(Available data)

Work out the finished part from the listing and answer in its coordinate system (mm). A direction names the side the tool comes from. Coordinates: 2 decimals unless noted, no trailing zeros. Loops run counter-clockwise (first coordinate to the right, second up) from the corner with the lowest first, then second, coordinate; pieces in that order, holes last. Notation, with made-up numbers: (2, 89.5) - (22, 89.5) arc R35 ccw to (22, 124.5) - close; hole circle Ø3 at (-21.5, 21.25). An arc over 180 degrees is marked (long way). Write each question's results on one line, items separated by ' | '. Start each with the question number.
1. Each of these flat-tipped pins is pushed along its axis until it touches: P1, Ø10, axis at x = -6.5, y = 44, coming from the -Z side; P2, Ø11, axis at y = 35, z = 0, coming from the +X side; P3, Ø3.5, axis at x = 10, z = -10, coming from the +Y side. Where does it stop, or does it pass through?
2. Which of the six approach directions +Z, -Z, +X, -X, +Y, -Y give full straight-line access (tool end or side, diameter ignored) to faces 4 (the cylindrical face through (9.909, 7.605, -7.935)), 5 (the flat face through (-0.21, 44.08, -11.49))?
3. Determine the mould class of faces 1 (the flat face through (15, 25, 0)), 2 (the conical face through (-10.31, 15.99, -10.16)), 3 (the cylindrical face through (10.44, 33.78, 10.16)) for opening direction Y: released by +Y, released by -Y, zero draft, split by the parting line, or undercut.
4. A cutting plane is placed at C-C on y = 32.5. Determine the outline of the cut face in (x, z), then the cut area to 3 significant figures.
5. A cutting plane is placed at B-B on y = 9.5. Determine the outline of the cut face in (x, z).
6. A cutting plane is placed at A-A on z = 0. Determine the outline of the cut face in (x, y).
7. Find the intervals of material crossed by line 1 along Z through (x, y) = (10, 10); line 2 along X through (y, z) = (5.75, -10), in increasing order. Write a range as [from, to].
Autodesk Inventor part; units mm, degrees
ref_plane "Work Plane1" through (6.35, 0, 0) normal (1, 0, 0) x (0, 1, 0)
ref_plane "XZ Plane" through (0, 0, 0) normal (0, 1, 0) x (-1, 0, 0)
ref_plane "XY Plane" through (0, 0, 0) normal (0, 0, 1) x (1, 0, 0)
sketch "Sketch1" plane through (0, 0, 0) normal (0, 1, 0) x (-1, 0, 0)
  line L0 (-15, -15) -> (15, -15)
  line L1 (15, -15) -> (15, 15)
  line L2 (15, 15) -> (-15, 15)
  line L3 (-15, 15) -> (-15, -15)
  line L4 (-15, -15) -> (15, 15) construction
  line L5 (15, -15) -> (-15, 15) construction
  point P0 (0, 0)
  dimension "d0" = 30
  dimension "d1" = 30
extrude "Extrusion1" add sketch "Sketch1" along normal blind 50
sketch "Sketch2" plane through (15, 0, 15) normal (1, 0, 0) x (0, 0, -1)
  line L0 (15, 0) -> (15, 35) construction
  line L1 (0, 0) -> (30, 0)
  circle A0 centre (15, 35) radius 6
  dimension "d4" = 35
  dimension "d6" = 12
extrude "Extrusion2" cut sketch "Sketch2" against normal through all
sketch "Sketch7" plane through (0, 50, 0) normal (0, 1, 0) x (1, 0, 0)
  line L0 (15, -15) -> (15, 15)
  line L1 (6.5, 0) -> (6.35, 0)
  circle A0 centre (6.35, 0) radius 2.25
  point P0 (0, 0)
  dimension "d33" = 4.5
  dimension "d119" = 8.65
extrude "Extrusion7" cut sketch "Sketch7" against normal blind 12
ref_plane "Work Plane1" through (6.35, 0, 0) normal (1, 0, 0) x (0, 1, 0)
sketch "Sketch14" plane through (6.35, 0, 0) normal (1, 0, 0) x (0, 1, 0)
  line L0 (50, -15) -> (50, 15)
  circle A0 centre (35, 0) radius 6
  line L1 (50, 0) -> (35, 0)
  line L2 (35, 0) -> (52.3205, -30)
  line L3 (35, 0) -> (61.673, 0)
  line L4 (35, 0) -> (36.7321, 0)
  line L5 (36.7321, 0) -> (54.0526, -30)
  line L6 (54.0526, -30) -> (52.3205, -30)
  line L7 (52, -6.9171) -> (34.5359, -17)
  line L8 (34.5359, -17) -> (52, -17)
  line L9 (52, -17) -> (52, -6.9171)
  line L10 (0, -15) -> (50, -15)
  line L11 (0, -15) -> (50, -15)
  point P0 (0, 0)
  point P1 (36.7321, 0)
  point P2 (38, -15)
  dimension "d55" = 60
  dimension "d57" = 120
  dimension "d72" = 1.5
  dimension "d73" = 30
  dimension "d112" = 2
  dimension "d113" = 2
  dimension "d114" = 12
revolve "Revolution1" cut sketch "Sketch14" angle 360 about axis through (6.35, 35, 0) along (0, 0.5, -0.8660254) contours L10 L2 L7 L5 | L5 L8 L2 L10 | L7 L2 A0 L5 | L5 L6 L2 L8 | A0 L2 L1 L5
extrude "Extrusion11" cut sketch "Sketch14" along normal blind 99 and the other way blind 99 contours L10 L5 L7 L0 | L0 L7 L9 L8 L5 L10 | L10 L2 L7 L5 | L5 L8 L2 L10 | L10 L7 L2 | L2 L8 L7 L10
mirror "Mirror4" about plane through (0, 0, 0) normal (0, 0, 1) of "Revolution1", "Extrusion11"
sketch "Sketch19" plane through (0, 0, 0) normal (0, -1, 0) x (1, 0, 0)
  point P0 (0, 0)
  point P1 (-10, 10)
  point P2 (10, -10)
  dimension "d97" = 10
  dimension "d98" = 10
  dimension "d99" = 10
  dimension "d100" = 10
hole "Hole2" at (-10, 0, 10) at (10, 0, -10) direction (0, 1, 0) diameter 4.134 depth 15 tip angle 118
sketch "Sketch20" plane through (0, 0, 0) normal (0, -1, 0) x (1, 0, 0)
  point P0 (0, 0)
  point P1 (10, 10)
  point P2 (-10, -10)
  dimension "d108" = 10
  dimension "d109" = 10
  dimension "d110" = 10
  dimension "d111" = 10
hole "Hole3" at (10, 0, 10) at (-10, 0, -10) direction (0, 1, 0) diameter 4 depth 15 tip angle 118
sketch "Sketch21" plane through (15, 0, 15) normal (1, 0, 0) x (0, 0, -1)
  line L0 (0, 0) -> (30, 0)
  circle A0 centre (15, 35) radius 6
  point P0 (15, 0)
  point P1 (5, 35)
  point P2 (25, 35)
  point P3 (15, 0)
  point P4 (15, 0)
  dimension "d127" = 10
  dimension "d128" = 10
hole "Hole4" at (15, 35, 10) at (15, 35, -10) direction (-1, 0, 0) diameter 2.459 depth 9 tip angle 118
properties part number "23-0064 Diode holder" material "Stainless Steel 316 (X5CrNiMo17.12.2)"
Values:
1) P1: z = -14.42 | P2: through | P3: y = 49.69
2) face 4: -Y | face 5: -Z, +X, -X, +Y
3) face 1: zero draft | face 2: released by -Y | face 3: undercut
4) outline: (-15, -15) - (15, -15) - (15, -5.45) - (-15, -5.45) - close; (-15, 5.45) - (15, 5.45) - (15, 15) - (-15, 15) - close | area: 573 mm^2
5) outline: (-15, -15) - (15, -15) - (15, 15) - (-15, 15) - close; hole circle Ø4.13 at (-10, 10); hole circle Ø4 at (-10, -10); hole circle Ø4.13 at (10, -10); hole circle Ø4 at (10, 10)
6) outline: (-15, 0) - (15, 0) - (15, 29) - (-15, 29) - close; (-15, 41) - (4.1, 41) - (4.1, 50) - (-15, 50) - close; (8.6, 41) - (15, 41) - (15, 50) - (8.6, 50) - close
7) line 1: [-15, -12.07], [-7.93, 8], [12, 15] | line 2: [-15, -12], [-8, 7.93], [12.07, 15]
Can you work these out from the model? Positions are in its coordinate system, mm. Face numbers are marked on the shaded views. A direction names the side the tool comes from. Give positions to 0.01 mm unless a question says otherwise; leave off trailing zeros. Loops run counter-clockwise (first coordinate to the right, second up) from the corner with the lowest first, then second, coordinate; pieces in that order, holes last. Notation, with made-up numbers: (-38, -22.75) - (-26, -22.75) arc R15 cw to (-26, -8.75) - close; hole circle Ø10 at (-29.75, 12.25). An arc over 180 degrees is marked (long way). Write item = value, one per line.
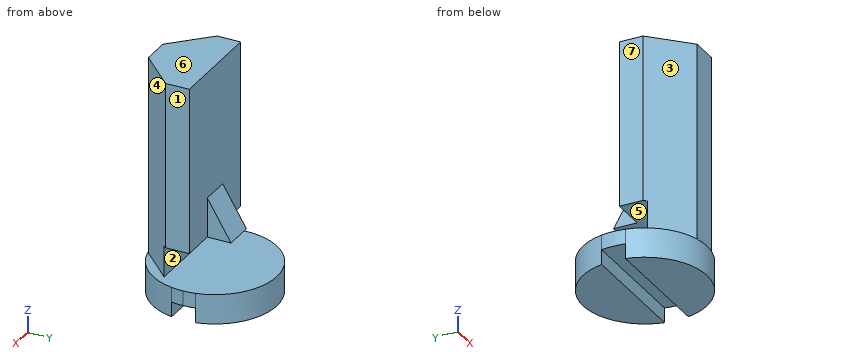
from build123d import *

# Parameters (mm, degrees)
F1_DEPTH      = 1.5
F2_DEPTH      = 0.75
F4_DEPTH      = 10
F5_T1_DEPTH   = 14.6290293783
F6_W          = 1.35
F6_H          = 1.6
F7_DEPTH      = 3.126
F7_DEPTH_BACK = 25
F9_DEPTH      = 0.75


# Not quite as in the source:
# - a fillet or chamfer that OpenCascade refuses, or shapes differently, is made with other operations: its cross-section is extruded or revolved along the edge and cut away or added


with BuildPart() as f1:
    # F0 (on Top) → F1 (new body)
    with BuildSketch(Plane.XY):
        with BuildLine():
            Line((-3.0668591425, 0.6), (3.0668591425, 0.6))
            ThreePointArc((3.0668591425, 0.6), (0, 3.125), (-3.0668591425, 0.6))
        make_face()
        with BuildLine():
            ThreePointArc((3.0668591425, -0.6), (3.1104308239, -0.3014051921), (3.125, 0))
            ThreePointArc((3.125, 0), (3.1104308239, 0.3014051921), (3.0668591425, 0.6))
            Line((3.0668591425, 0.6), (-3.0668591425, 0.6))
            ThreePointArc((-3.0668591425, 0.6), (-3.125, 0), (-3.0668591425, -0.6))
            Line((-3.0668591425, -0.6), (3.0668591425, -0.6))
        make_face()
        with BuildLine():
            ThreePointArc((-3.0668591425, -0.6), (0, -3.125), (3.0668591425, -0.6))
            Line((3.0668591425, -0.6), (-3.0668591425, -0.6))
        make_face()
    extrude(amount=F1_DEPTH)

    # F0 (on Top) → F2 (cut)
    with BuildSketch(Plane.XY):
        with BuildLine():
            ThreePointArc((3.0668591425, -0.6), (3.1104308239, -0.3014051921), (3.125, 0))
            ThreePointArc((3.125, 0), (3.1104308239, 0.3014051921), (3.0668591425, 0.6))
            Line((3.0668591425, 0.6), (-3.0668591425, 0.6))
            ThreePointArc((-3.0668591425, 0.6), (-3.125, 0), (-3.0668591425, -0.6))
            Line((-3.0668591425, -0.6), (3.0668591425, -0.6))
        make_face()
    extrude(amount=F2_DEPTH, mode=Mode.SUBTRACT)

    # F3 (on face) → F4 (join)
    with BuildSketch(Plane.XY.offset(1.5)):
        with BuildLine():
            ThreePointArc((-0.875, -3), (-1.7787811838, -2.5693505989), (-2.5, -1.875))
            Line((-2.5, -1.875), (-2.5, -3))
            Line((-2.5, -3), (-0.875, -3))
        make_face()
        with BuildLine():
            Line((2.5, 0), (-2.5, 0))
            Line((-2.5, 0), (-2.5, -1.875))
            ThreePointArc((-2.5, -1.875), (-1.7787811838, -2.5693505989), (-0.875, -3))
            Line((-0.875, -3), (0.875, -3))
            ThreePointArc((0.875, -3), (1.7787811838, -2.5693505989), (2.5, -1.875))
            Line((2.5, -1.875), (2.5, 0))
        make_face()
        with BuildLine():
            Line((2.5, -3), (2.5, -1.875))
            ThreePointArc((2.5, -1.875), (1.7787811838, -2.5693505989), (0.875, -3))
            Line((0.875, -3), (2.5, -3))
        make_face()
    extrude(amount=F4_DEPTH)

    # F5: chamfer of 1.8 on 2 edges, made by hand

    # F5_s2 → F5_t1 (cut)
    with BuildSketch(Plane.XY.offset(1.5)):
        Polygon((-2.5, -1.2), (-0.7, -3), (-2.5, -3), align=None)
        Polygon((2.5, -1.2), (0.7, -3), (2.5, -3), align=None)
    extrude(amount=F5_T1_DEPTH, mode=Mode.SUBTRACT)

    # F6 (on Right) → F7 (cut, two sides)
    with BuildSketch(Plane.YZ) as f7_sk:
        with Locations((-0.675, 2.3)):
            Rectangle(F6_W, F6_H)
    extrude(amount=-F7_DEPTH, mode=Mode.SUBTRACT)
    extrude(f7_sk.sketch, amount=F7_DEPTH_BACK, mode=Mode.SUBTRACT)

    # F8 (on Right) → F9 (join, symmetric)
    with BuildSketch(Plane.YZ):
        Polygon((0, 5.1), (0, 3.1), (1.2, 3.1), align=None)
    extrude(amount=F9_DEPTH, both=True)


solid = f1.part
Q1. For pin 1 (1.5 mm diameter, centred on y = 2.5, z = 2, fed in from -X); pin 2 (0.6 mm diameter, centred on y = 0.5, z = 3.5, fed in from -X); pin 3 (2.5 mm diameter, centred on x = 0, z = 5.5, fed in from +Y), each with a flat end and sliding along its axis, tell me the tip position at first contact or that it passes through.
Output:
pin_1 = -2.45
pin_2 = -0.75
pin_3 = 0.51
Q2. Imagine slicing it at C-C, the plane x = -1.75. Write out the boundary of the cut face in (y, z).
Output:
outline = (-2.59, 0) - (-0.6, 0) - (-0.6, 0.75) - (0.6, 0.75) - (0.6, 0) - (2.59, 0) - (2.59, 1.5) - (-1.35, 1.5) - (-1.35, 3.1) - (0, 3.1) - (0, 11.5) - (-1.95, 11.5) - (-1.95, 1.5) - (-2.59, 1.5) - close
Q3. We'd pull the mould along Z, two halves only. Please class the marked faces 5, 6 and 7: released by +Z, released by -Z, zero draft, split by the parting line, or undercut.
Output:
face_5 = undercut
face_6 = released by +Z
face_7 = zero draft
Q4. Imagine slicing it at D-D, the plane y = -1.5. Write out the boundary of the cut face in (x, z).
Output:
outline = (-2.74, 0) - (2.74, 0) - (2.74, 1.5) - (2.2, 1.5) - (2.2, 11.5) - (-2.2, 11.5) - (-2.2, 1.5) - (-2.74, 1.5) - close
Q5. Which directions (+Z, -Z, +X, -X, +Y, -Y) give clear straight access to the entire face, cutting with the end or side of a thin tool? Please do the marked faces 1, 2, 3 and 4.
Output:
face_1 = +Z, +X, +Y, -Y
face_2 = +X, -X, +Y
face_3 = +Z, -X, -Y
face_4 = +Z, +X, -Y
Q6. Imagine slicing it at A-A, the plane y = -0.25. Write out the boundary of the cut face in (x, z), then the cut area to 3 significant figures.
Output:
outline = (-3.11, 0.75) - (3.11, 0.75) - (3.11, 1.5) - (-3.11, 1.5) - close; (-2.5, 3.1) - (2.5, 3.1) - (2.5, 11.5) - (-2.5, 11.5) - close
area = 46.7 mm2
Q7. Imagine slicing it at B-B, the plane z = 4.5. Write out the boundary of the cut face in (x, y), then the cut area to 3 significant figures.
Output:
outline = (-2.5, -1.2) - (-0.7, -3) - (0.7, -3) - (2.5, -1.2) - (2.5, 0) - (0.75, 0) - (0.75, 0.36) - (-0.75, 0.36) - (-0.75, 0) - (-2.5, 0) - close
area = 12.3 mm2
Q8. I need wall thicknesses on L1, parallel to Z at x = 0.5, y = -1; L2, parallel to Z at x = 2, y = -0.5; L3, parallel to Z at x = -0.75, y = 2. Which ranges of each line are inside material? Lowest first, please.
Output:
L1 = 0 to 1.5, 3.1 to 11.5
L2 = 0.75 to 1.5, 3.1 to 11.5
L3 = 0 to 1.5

(End Available data)

Your answer should consist of the lines from the listing that hold the word "circle".

Work out the finished part from the listing and answer in its coordinate system (mm). A direction names the side the tool comes from. Coordinates: 2 decimals unless noted, no trailing zeros. Loops run counter-clockwise (first coordinate to the right, second up) from the corner with the lowest first, then second, coordinate; pieces in that order, holes last. Notation, with made-up numbers: (2, 89.5) - (22, 89.5) arc R35 ccw to (22, 124.5) - close; hole circle Ø3 at (-21.5, 21.25). An arc over 180 degrees is marked (long way). Write each question's results on one line, items separated by ' | '. Start each with the question number.
  circle A0 centre (15, 35) radius 6
  circle A0 centre (6.35, 0) radius 2.25
  circle A0 centre (35, 0) radius 6
  circle A0 centre (15, 35) radius 6
5) outline: (-15, -15) - (15, -15) - (15, 15) - (-15, 15) - close; hole circle Ø4.13 at (-10, 10); hole circle Ø4 at (-10, -10); hole circle Ø4.13 at (10, -10); hole circle Ø4 at (10, 10)
Can you work these out from the model? Positions are in its coordinate system, mm. Face numbers are marked on the shaded views. A direction names the side the tool comes from. Give positions to 0.01 mm unless a question says otherwise; leave off trailing zeros. Loops run counter-clockwise (first coordinate to the right, second up) from the corner with the lowest first, then second, coordinate; pieces in that order, holes last. Notation, with made-up numbers: (-38, -22.75) - (-26, -22.75) arc R15 cw to (-26, -8.75) - close; hole circle Ø10 at (-29.75, 12.25). An arc over 180 degrees is marked (long way). Write item = value, one per line.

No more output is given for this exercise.